Assessment: When all is said and done, when all the lessons are learned, this wasn't such a terribly difficult cake to make, and it was very delicious.
1. The joconde was an easy cake, and buying to almonds at Trader Joe's really cut the cost. I followed the CIA directions and put a tablespoon of flour into the almonds while grinding them up. I do need a small jelly roll pan, as 12x17 was a bit too big. I make a four layer cake in the end, because of the big sheets.
2. The butter cream is a complete disaster when it goes wrong. Candy thermometers are a pain, but my thermometer gun was fantastic. It's essential to remember that room temperature (about 71 degrees) is quite a bit colder than body temperature (98 degrees).
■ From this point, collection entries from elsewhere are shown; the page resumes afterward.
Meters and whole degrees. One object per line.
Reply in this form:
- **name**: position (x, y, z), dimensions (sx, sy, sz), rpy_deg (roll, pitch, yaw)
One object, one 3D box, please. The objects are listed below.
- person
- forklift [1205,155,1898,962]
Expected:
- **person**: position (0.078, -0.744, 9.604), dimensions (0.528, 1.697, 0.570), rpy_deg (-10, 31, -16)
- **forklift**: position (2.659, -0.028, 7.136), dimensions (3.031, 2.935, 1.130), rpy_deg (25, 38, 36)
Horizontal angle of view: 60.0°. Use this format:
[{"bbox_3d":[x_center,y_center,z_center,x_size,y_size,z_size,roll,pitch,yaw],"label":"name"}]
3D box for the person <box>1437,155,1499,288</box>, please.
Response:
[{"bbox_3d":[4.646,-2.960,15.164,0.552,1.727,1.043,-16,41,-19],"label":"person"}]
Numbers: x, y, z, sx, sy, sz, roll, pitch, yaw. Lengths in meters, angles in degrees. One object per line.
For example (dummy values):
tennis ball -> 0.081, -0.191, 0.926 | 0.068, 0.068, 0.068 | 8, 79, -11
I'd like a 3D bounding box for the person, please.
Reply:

To feel something and think it is room temperature because it doesn't feel warm will not work. Stirring the egg and sugar mixture over ice was very helpful.
3. It's good to remember that ganache is easy and really tasty. It's actually the center for truffles. I bet it takes on flavors really well.
4. I made the syrup up ahead of time, and added the cognac just before using it. This seems a good idea.
5. The glaze was so amazing. Of course I was pouring it over a very chilled cake. I did learn not to touch the glaze, but to just carefully pour it on. When I was clarifying the butter I found that just gently skooting the foam to one side of the pan (kind of like herding sheep) make it easy to scoop out. A Daring Baker who is actually a pastry chef, sugar chef, and can make a dead flat cake, recommended that I pour on the glaze when it's 90 degrees, and then just give the cake a gentle shake to even things out.
6. I cut the cake with my very big German bread knife. It wasn't perfect, but I don't imagine having the perfect knife for the job anytime soon. On one side of the cake I used a daughter's fancy Japanese knife and it didn't work as well.
7. I'm so going to put this cake in my repertoire. When trimmed up it serves an easy 16 people, if you don't count what was cut off. I could think of changing the butter cream flavor - though I really liked the coffee. And the ganache could take on many flavors.
“Success is going from failure to failure without losing enthusiasm.”
“Success is not final, failure is not fatal:
it is the courage to continue that counts.”